KL: I don't think he's 100 percent. His two outings [since returning] have not been good. He hasn't recovered totally to be back into shape. I know that we are going to try to pitch him a little bit in the playoffs and try to get him ready for the Fall League. He missed at least a month, maybe a little bit longer, so he has to work his way back into pitching shape. We want him to go to the Fall League and work on his breaking ball, continue to work on his change-up and maybe look at adding a cutter or a split or something like that to add something to his arsenal.
OC: Graham Godfrey ended up making the Texas League post-season All-Star team. Did you see a big improvement from him, or were his improved numbers more of a reflection of getting out of the California League?
KL: No, he really made some adjustments. I really liked what he did with his off-season program and then he maintained it during the season. He stayed strong the entire year and I don't remember him even missing any starts. He was kind of the leader of that club and the bulldog, taking it out there every fifth day. He has more than 160 innings. It has been a remarkable year for him and he has earned that right to make that transition and hope to be ready for Triple-A next year. He's from out of that Marco Scutaro trade and people were really down on that trade, but the kid is still making his way up there and I think he's going to be a good one for us.
OC: Arnold Leon has really pitched well since moving into the starting rotation. Is that something you see him doing [starting] longterm?
KL: We have bounced back and forth with what is the best thing for him because in Mexico, he is a set-up man and sometimes closer in the winter leagues and, in the past, in the summer leagues. He has just pitched all year around for the past two years and we were almost worried that we were hurting the kid just by starting him, so we have been very conservative with him. Once we got him into his rhythm, we decided to give him his shot at starting. It's all fit perfectly for him. He likes it. He also likes the other aspect of it [relieving], so it is sort of a two-way street with him.
Fortunately and unfortunately, he'll probably go play winter ball again, so he won't be able to rest a lot again this winter. But certainly we think we have a good acquisition with him.
OC: Is it still his curveball that you think is his best pitch, or is there another pitch that you think has taken the lead?
KL: His curveball has improved. We added some velocity to it. He had been throwing it like [Vincente] Padilla does, throwing that 65 miles per hour curveball that just sort of floats up there. We got him to throw it a little bit harder and got him to get a little more spin to it, and it's been a really good pitch. Then if he wants to throw that really slow one every once in awhile, I think it changes the timing of the hitter.
For him, it's more about his location and getting a downward plane on his fastball.
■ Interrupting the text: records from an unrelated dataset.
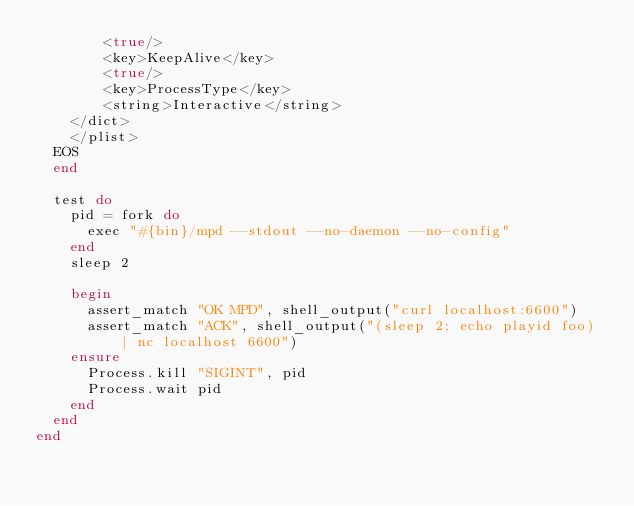<code> <loc_0><loc_0><loc_500><loc_500><_Ruby_>        <true/>
        <key>KeepAlive</key>
        <true/>
        <key>ProcessType</key>
        <string>Interactive</string>
    </dict>
    </plist>
  EOS
  end

  test do
    pid = fork do
      exec "#{bin}/mpd --stdout --no-daemon --no-config"
    end
    sleep 2

    begin
      assert_match "OK MPD", shell_output("curl localhost:6600")
      assert_match "ACK", shell_output("(sleep 2; echo playid foo) | nc localhost 6600")
    ensure
      Process.kill "SIGINT", pid
      Process.wait pid
    end
  end
end
</code> 
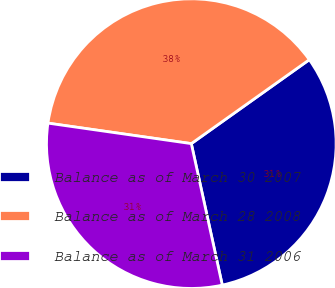Convert chart to OTSL. <chart><loc_0><loc_0><loc_500><loc_500><pie_chart><fcel>Balance as of March 30 2007<fcel>Balance as of March 28 2008<fcel>Balance as of March 31 2006<nl><fcel>31.41%<fcel>37.9%<fcel>30.69%<nl></chart>

A lot of his problems in the past have been when he has gotten underneath some of his pitches. Now he is really getting on top of his pitches and is locating. With that has come a pretty good two-seam fastball that has some movement.
OC: Is his age  less of a concern at the level that he is at [Double-A] because of the level of competition that he has faced in Mexico?
KL: It's been pretty remarkable because he is really one of the very few really young guys that we've even tried to do that with. Having played in Mexico, as you said, has kind of been a barometer because he is much more veteran than most players his age. He is like the freshman who is playing with the seniors. By the time he is a senior, he has learned not to be afraid of anything. He's been in all of those situations. I think Mexico has been good for him.